Mimecast’s 9th annual State of Human Risk Report found 41% of Australian organisations report rise in malicious insider incidents over the past year, overtaking the 38% that saw an increase in negligence-based threats for the first time. Report highlights widening gap between security awareness and technical controls.

Matthew Giannelis
Matthew Giannelis

A new Mimecast report suggests Australian organisations may be entering a dangerous phase of internal security risk, with deliberate insider threats now increasing faster than accidental employee mistakes for the first time.

The company’s 9th annual State of Human Risk Report found that 41% of Australian organisations recorded an increase in malicious insider incidents over the past year, compared with 38% that saw a rise in negligent incidents.

The result is more than a statistical crossover. It points to a deeper shift in enterprise security, where intentional misconduct from within is no longer a secondary concern, but an increasingly central one.

That change is reflected globally as well. Organisations reporting increases in malicious insider concerns rose from 33% in 2024 to 41% in 2026.

Mimecast’s study surveyed 2,500 IT security and IT decision-makers worldwide, including 250 in Australia, and puts a heavy financial weight behind the findings.

On average, organisations are experiencing six insider-driven incidents each month, with each incident estimated to cost AUD$18.4 million. At the same time, 66% expect insider-related data loss to increase over the next 12 months.

Taken together, the findings paint a picture of security teams being squeezed from multiple directions: rising insider intent, growing AI capability, weak coordination between tools and people, and governance systems that are struggling to keep pace.

Among the report’s other key findings:

  • AI threat preparation lags despite inevitable attacks – Sixty-eight percent of Australian security leaders say AI attacks against their organisation are inevitable within 12 months, yet 52% are not fully prepared.

  • Critical coordination gap undermines defenses – Just 28% of respondents coordinate security training with continuous monitoring. This critical coordination gap undermines defenses, leaving people-focused and technology-focused initiatives disconnected.

  • Expanding attack surface meets inadequate native security – As threats expand across email, collaboration platforms, and internal communications, 38% of Australian organisations remain reliant solely on native security controls — tools that 61% of respondents acknowledge are not up to the task.

  • Governance failures create a regulatory time bomb – Ninety-one per cent face challenges maintaining governance and compliance over communications data. Fifty-three per cent lack confidence in quickly locating data to meet regulatory or legal requirements.

“We’re seeing a concerning acceleration in malicious insider threats across Australia,” said John Taylor, Field Chief Technical Officer, APAC at Mimecast.

“While negligence has traditionally been the primary insider concern, intentional betrayal is now growing at a faster rate.”

“41% of organisations reported increases in malicious insider activity versus 38% for negligence. This represents a fundamental shift,” said Taylor

“Additionally, attackers are seeing an opportunity to increasingly exploit insiders as a deliberate entry point to bypass perimeter defences entirely.”

“The historical hard network boundary is long gone, so organisations need adaptive controls that identify high-risk actions in real time and create friction when someone tries to access data they should not.”

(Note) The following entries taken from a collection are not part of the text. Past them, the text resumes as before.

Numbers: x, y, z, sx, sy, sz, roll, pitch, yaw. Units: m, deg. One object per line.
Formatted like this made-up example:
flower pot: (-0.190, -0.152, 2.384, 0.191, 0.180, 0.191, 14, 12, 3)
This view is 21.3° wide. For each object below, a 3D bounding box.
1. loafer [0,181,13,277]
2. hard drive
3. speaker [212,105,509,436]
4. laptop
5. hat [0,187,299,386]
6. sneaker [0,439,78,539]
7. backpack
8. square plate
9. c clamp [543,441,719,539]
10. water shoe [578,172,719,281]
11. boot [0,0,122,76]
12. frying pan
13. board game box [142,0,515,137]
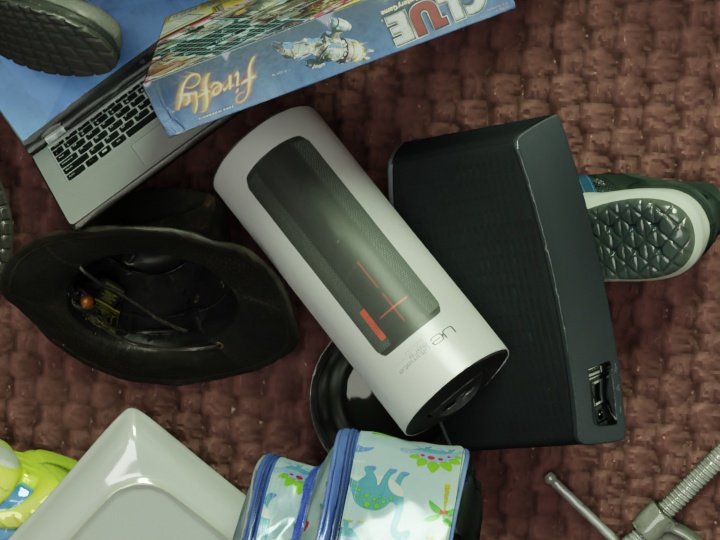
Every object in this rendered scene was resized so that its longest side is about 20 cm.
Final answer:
loafer: (-0.280, -0.069, 1.259, 0.073, 0.071, 0.201, -16, 106, -23)
hard drive: (0.083, 0.014, 1.165, 0.134, 0.042, 0.201, -7, 99, 40)
speaker: (0.000, 0.000, 1.148, 0.081, 0.081, 0.200, -41, 73, 11)
laptop: (-0.151, -0.153, 1.175, 0.187, 0.200, 0.116, -37, 121, -2)
hat: (-0.124, -0.003, 1.213, 0.199, 0.201, 0.081, 9, 58, 7)
sneaker: (-0.271, 0.152, 1.272, 0.199, 0.076, 0.106, 24, 100, 4)
backpack: (-0.009, 0.191, 1.146, 0.146, 0.200, 0.184, 12, 63, -1)
square plate: (-0.141, 0.221, 1.255, 0.198, 0.028, 0.200, 40, 99, -18)
c clamp: (0.246, 0.136, 1.220, 0.200, 0.027, 0.171, -41, 90, 11)
water shoe: (0.132, -0.026, 1.198, 0.199, 0.079, 0.072, 6, 107, 34)
boot: (-0.210, -0.203, 1.179, 0.199, 0.070, 0.132, 21, 64, 19)
frying pan: (0.057, 0.066, 1.236, 0.189, 0.031, 0.115, -27, 93, 7)
board game box: (-0.017, -0.142, 1.058, 0.199, 0.136, 0.035, -19, 111, 8)

“As AI makes it easier for insiders to exfiltrate data at scale, security now needs to meet users at the point of risk with controls that respond wherever those threats emerge.”

“The base principle is that visibility is key. By achieving end-to-end visibility, the three key areas of governance, cyber culture/awareness and incident response will mature as organisations are able to react strategically and operationally to the right things.” he said.

AI widens an already growing attack surface

One of the clearest themes running through the report is that organisations are trying to defend a workplace that has already outgrown traditional security assumptions.

Staff now move fluidly across email, collaboration platforms, internal communications systems and generative AI tools, yet many security strategies still appear built for a narrower, more contained environment.

Mimecast found that 38% of Australian organisations rely exclusively on native security controls to protect collaboration tools, despite 64% admitting those controls are insufficient against modern threats. That gap is becoming harder to ignore as AI changes the pace and scale of attacks.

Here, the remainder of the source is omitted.